Begin with the line containing "- device addresses" and reproduce it and all later lines exactly, through the last line of the records. Add nothing else.

### Source data

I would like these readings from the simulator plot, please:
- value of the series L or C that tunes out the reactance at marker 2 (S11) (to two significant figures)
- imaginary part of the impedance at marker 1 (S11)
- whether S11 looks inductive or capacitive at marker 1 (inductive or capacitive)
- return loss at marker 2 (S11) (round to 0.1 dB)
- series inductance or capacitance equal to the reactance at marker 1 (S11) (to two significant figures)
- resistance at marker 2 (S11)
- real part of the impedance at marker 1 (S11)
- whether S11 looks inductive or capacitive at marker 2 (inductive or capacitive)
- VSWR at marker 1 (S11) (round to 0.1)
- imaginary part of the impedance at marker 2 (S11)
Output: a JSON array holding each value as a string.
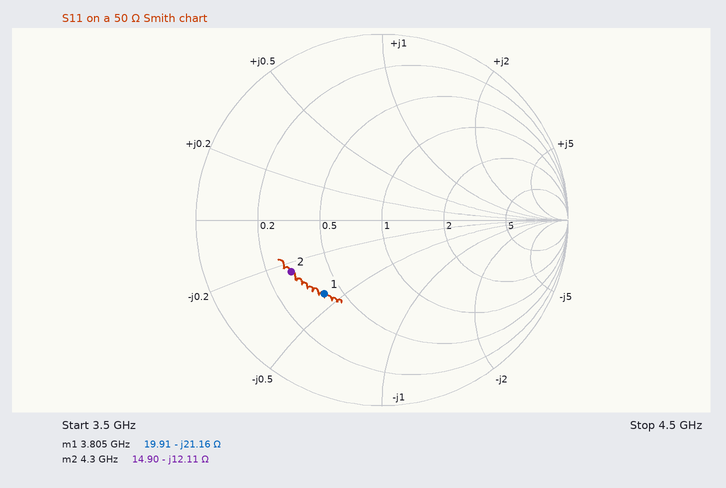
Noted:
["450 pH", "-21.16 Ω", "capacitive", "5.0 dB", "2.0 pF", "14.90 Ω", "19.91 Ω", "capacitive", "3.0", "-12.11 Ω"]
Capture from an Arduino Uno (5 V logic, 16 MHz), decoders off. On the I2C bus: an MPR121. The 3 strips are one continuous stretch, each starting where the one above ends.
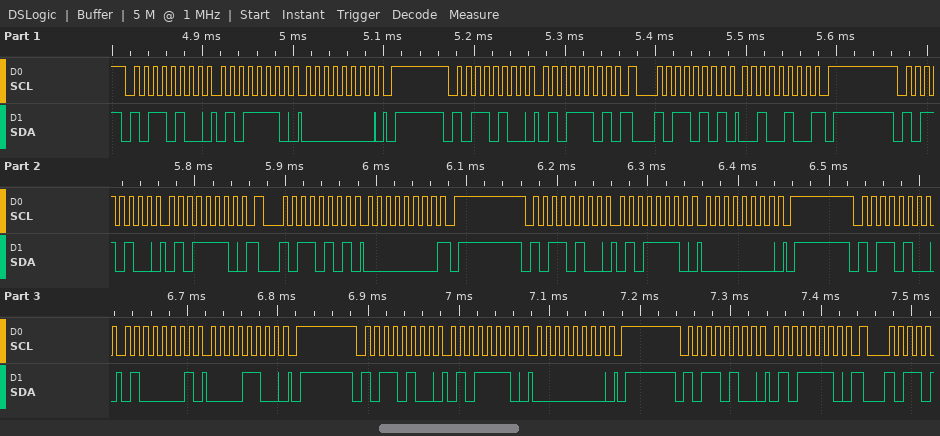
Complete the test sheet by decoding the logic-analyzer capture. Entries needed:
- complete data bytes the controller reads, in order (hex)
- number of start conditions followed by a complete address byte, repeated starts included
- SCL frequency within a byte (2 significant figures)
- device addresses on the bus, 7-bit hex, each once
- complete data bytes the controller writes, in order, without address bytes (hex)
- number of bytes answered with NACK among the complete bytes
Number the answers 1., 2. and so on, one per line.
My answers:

######

Reply:
- device addresses on the bus, 7-bit hex, each once
- complete data bytes the controller writes, in order, without address bytes (hex)
- number of bytes answered with NACK among the complete bytes
Number the answers 1., 2. and so on, one per line.
My answers:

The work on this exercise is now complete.